DATA FOR THE TASK: Begin

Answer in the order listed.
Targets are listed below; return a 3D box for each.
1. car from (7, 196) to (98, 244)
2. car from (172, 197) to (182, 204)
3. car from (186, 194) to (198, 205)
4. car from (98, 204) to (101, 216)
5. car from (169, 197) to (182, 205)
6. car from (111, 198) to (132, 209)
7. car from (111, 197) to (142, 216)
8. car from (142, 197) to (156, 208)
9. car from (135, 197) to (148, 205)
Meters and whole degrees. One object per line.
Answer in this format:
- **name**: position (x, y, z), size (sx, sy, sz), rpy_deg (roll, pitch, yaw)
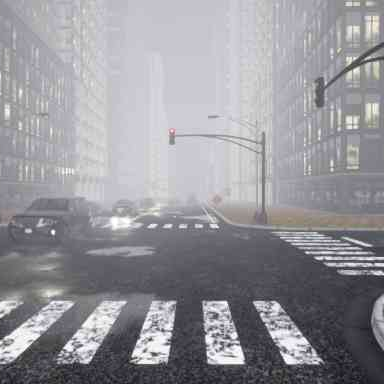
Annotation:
- **car**: position (-6.604, 1.228, 16.195), size (2.150, 2.045, 5.566), rpy_deg (0, 0, 0)
- **car**: position (-3.202, 1.703, 70.366), size (1.994, 1.385, 4.181), rpy_deg (0, 0, 0)
- **car**: position (-0.016, 1.606, 60.194), size (1.837, 1.490, 4.892), rpy_deg (0, 0, 0)
- **car**: position (-9.862, 1.504, 30.677), size (1.882, 1.535, 5.008), rpy_deg (0, 0, 0)
- **car**: position (-3.168, 1.589, 59.715), size (2.128, 1.511, 4.902), rpy_deg (0, 0, 0)
- **car**: position (-9.858, 1.623, 46.726), size (1.994, 1.385, 4.181), rpy_deg (0, 0, 0)
- **car**: position (-6.609, 1.522, 32.908), size (2.128, 1.511, 4.902), rpy_deg (0, 0, 0)
- **car**: position (-6.604, 1.546, 49.871), size (1.882, 1.535, 5.008), rpy_deg (0, 0, 0)
- **car**: position (-9.768, 1.718, 64.359), size (1.994, 1.385, 4.181), rpy_deg (0, 0, 0)
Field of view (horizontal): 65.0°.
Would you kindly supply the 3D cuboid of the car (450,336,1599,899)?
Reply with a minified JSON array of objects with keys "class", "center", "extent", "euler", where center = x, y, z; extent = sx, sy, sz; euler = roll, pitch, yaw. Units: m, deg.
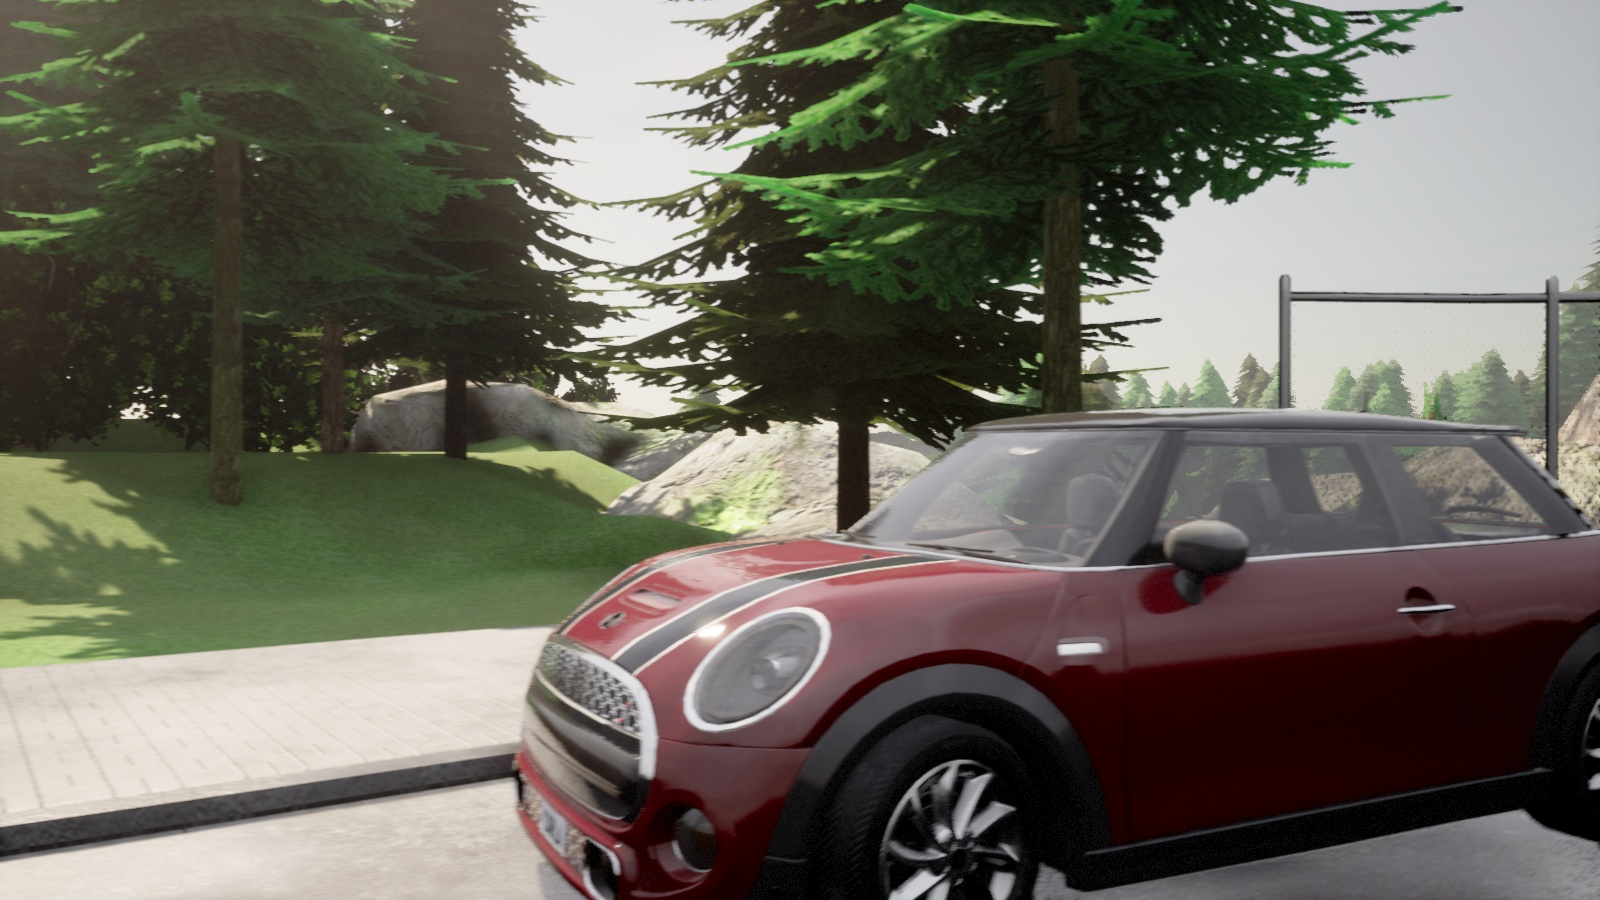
[{"class":"car","center":[1.143,0.614,4.928],"extent":[4.553,1.767,2.097],"euler":[0,0,-26]}]
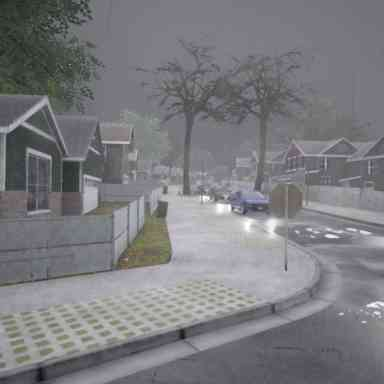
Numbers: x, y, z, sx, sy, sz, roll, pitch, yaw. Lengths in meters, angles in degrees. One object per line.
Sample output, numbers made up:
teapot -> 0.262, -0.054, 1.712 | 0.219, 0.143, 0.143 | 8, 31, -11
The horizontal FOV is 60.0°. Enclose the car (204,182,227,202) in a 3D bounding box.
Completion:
car -> 2.898, 0.143, 33.064 | 2.128, 1.511, 4.902 | 1, 3, -6

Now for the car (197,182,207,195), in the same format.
car -> 1.736, -0.387, 44.035 | 2.128, 1.511, 4.902 | 1, 3, -6

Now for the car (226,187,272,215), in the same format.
car -> 3.977, 0.617, 23.025 | 1.882, 1.535, 5.008 | 1, 3, -6
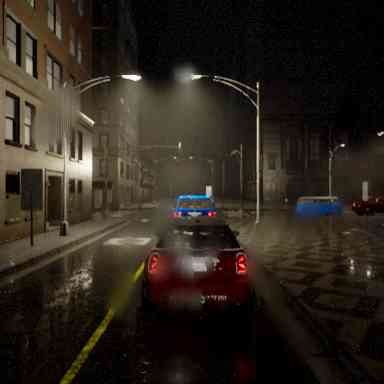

DATA FOR THE TASK: End

Only the lines from the one that contains "The horizontal FOV" to the end of the records, inclusive, are to be quoted exactly, with pictures excluded.

The horizontal FOV is 60.0°. Enclose the car (204,182,227,202) in a 3D bounding box.
Completion:
car -> 2.898, 0.143, 33.064 | 2.128, 1.511, 4.902 | 1, 3, -6

Now for the car (197,182,207,195), in the same format.
car -> 1.736, -0.387, 44.035 | 2.128, 1.511, 4.902 | 1, 3, -6

Now for the car (226,187,272,215), in the same format.
car -> 3.977, 0.617, 23.025 | 1.882, 1.535, 5.008 | 1, 3, -6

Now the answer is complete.